As in human anatomy, it seems reasonable to use the sagittal, coronal, and transverse planes as the reference planes for a facial shell.^{16} Below, we suggest a procedure for identifying these planes.

Sagittal plane

The sagittal (also known as mid- sagittal) plane is an imaginary plane that travels from the top to the bottom of the face and divides it into left and right portions. It is essentially a vertical symmetry plane. This description is not rigorous and gives us a lot of freedom in identifying the exact position of the sagittal plane.

All human faces are known to be asymmetric, and hence they do not have a symmetry plane. The landmarks that are supposed to lie on the midline (glabella, nasion, pronasale, subnasale, labiale superius, labiale inferius, and pogonion) do not in fact lie on a single line – deviations can be up to several millimeters for the pronasale and pogonion.
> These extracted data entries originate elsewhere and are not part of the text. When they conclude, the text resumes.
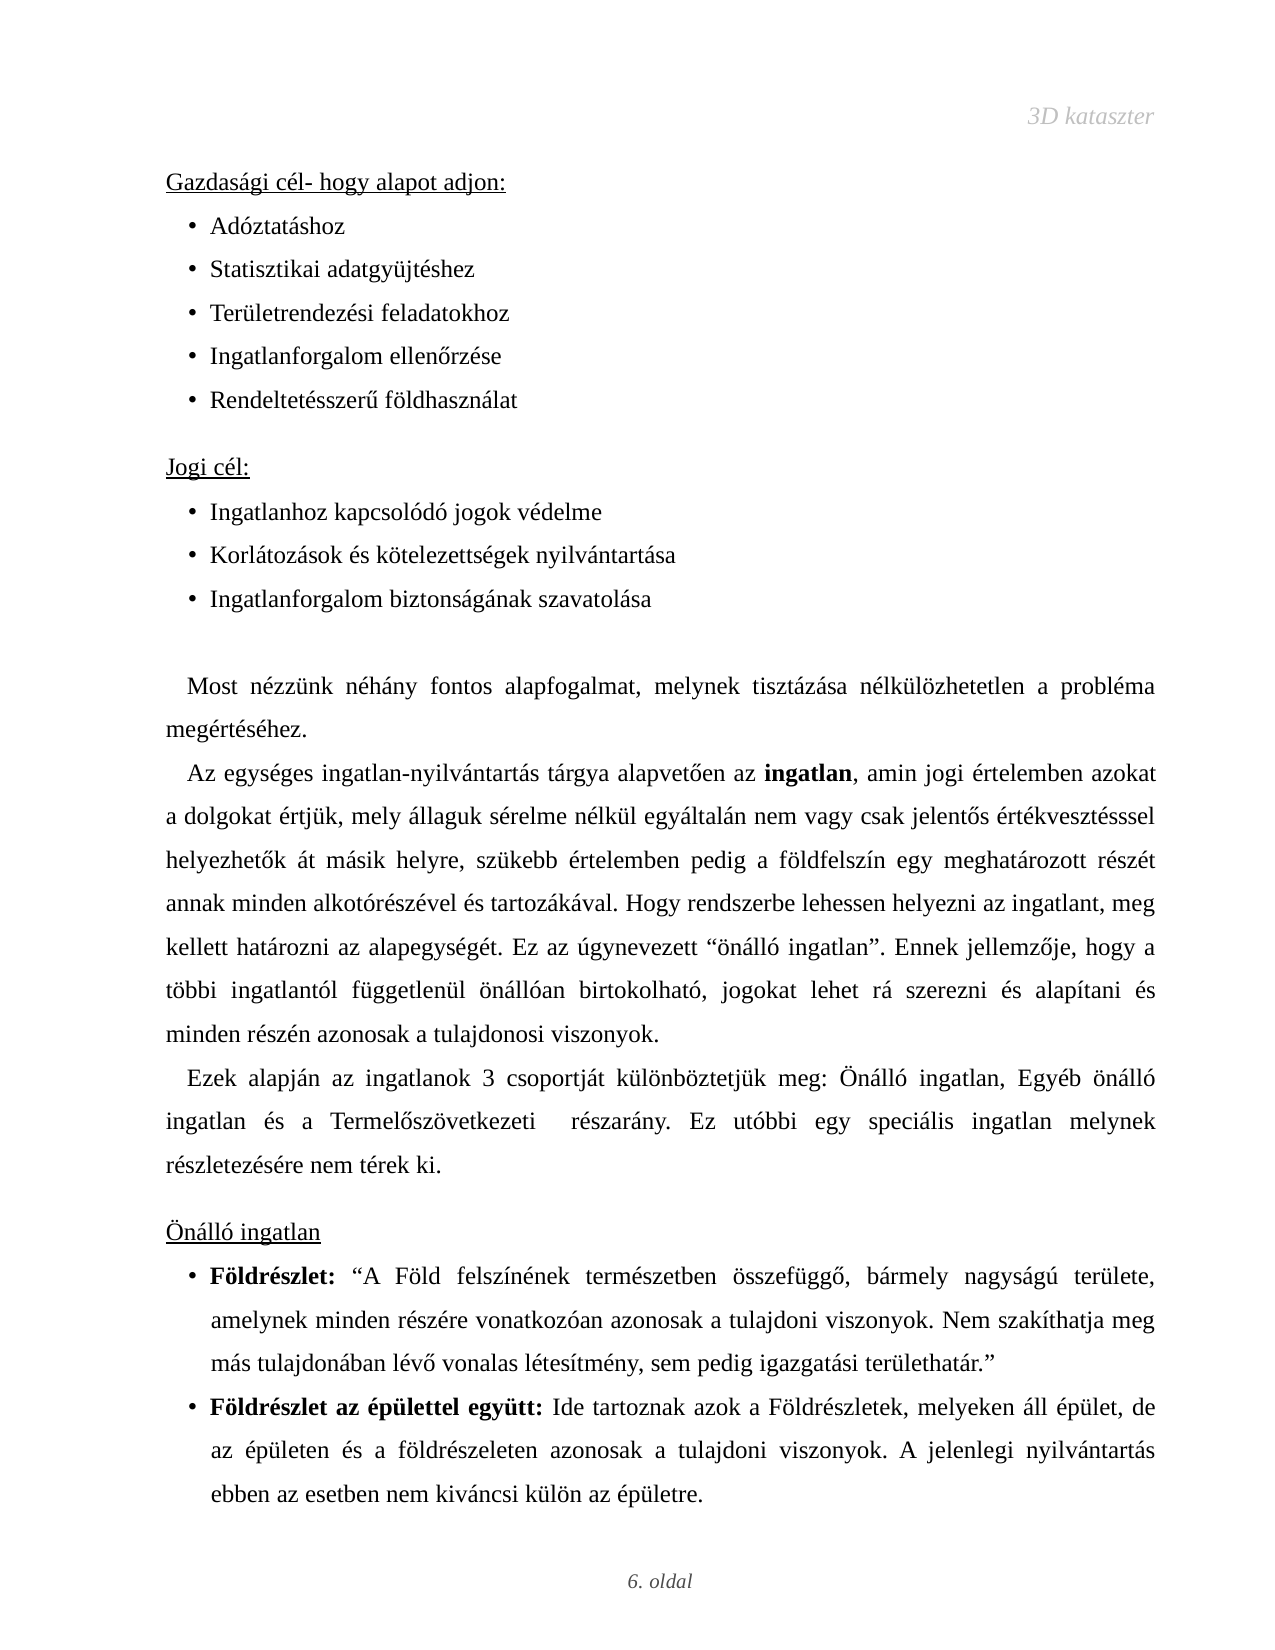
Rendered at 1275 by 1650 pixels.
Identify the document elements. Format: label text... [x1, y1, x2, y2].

text Az egységes ingatlan-nyilvántartás tárgya alapvetően az ingatlan, amin jogi értelemben azokat a dolgokat értjük, mely állaguk sérelme nélkül egyáltalán nem vagy csak jelentős értékvesztésssel helyezhetők át másik helyre, szükebb értelemben pedig a földfelszín egy meghatározott részét annak minden alkotórészével és tartozákával. Hogy rendszerbe lehessen helyezni az ingatlant, meg kellett határozni az alapegységét. Ez az úgynevezett “önálló ingatlan”. Ennek jellemzője, hogy a többi ingatlantól függetlenül önállóan birtokolható, jogokat lehet rá szerezni és alapítani és minden részén azonosak a tulajdonosi viszonyok. [166, 758, 1156, 1048]
text Ezek alapján az ingatlanok 3 csoportját különböztetjük meg: Önálló ingatlan, Egyéb önálló ingatlan és a Termelőszövetkezeti részarány. Ez utóbbi egy speciális ingatlan melynek részletezésére nem térek ki. [166, 1062, 1156, 1178]
list Rendeltetésszerű földhasználat [188, 385, 1156, 414]
list Ingatlanhoz kapcsolódó jogok védelme [188, 496, 1156, 525]
text Gazdasági cél- hogy alapot adjon: [166, 167, 1156, 196]
list Ingatlanforgalom biztonságának szavatolása [188, 583, 1156, 612]
list Földrészlet az épülettel együtt: Ide tartoznak azok a Földrészletek, melyeken áll épület, de az épületen és a földrészeleten azonosak a tulajdoni viszonyok. A jelenlegi nyilvántartás ebben az esetben nem kiváncsi külön az épületre. [188, 1392, 1156, 1508]
text Jogi cél: [166, 452, 1156, 481]
list Korlátozások és kötelezettségek nyilvántartása [188, 540, 1156, 569]
list Ingatlanforgalom ellenőrzése [188, 341, 1156, 370]
list Adóztatáshoz [188, 211, 1156, 240]
list Területrendezési feladatokhoz [188, 298, 1156, 327]
list Statisztikai adatgyüjtéshez [188, 254, 1156, 283]
list Földrészlet: “A Föld felszínének természetben összefüggő, bármely nagyságú területe, amelynek minden részére vonatkozóan azonosak a tulajdoni viszonyok. Nem szakíthatja meg más tulajdonában lévő vonalas létesítmény, sem pedig igazgatási területhatár.” [188, 1261, 1156, 1377]
text Most nézzünk néhány fontos alapfogalmat, melynek tisztázása nélkülözhetetlen a probléma megértéséhez. [166, 671, 1156, 743]
text Önálló ingatlan [166, 1217, 1156, 1246]
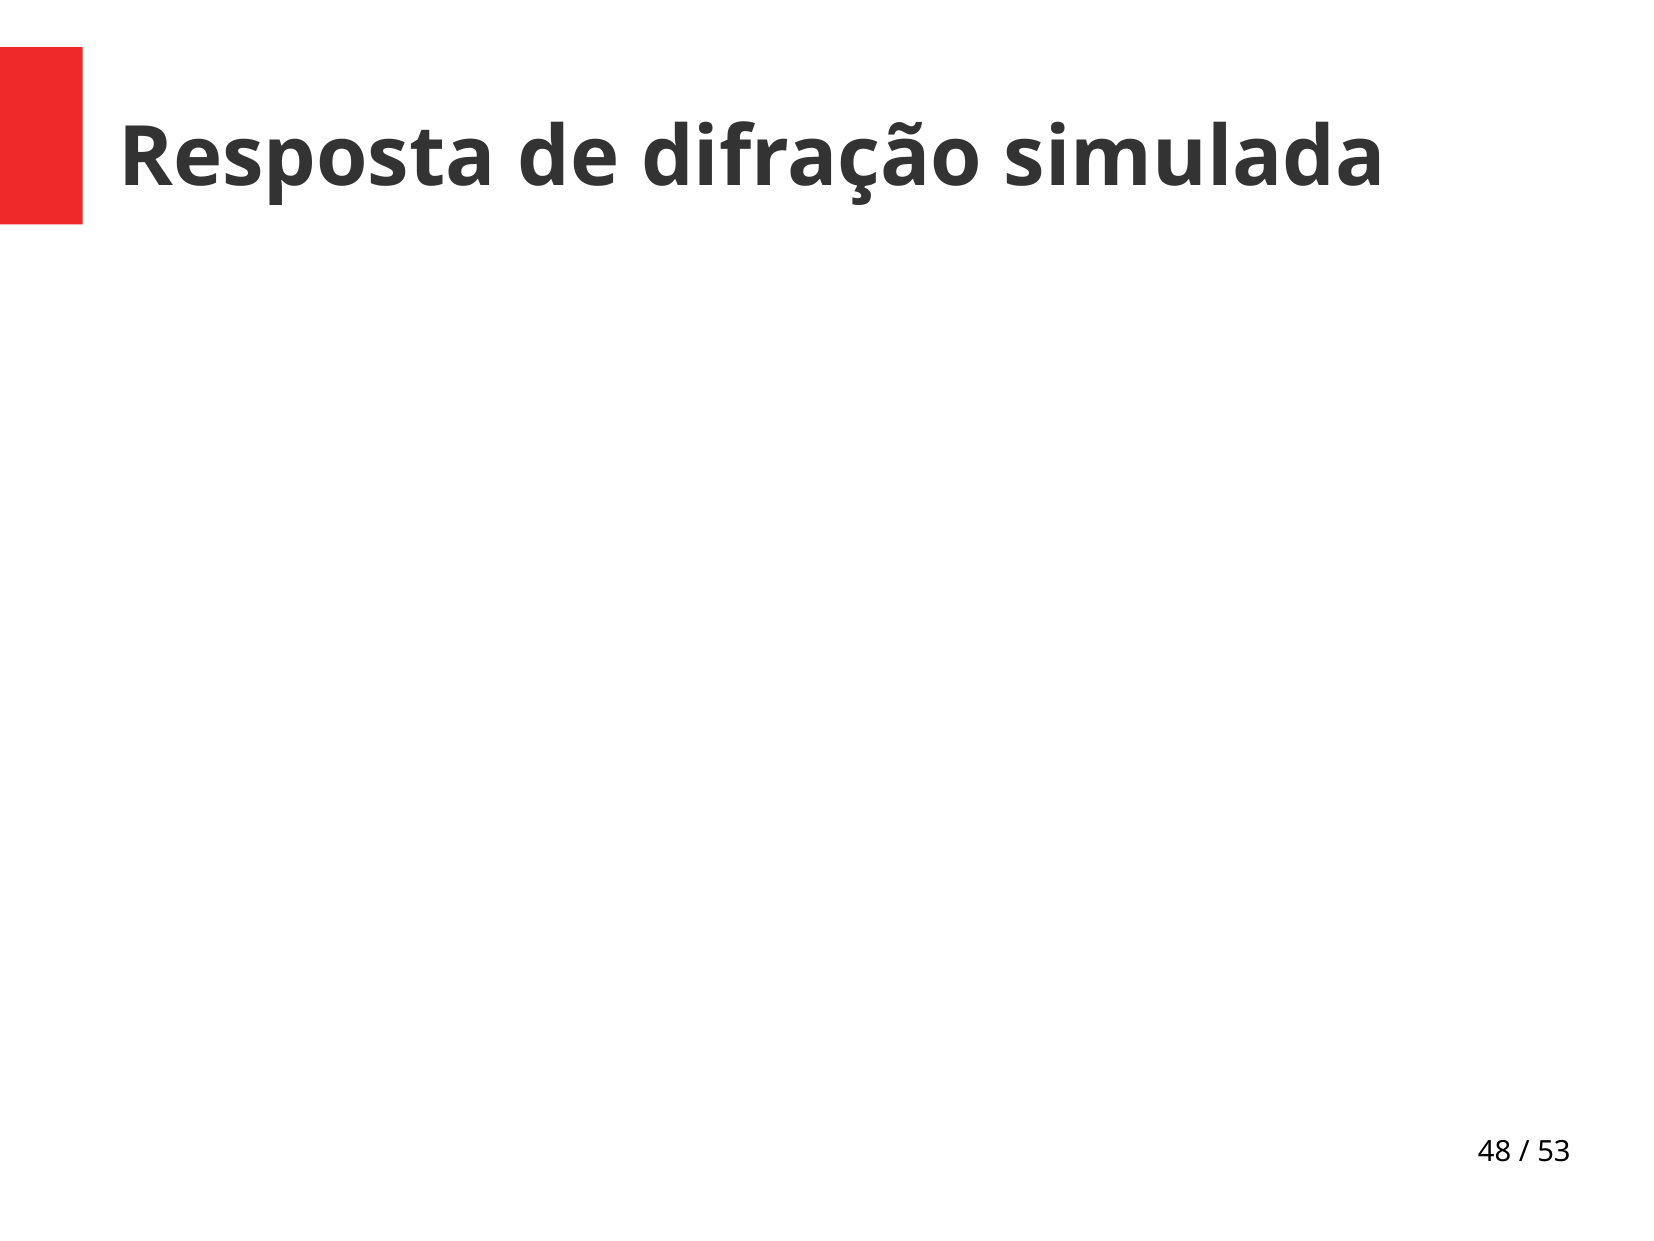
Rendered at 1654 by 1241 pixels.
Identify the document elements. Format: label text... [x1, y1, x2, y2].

title Resposta de difração simulada [118, 49, 1571, 257]
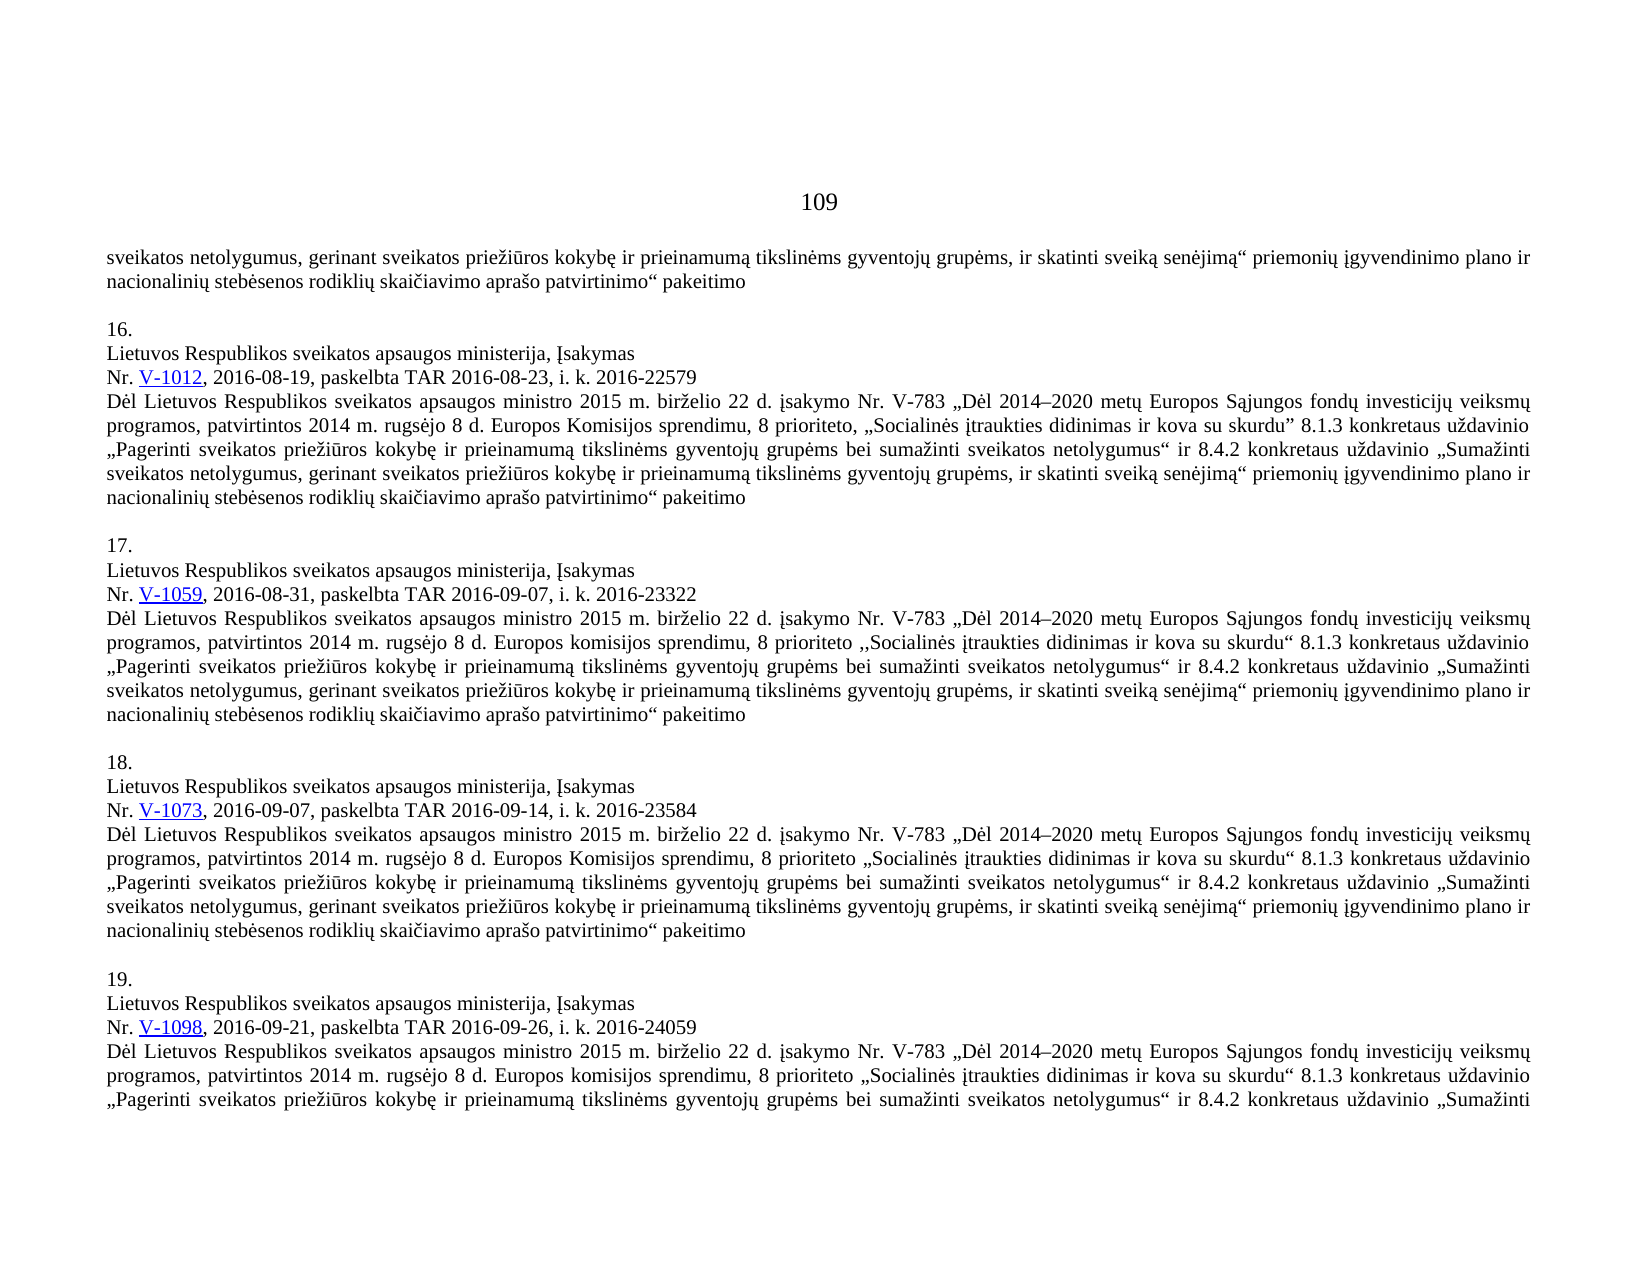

Even all the 21 landmarks, considering that they should be approximately symmetric about the sagittal plane, cannot be used as reliable datapoints for identifying it. Landmarks account for just a tiny fraction of all available facial data. Furthermore, they are subject to human error in placing them. Their positions are defined to within 1–2 mm, whereas the accuracy of the scanned facial images is about 0.5 mm. Following the logic previously adopted, we want to use as much facial information as possible to be as precise as possible.

Three methods of registration were used: best-fit, general Procrustes analysis with scaling, and general Procrustes analysis without scaling. Among the landmarks in the eye region (1–10 and 22), the mid- endocanthion (men) shows the least standard deviations in all three cases; men values are given in bold to highlight the least- variation data and justify the selection of this point as the facial origin point.

The key to identifying a symmetry plane is using the mirror face.^{17} When the original facial shell and the mirror shell are registered together using the best-fit technique, the resulting structure becomes perfectly symmetric. We suggest that the symmetry plane of this structure should be treated as the sagittal plane for the original face.

Figure 7.4 illustrates a severe facial asymmetry, showing original face (a), mirror face (b), left left (composed from the left part and its mirror reflection) face (c), and right – right face (d). Using facial landmarks to identify the sagittal plane turns out to be less effective. The symmetrization procedure described above proves to be effective even for highly asymmetric cases. Figure 7.5 illustrates the procedure of symmetrization and construction of the sagittal plane for the face shown in Figure 7.4.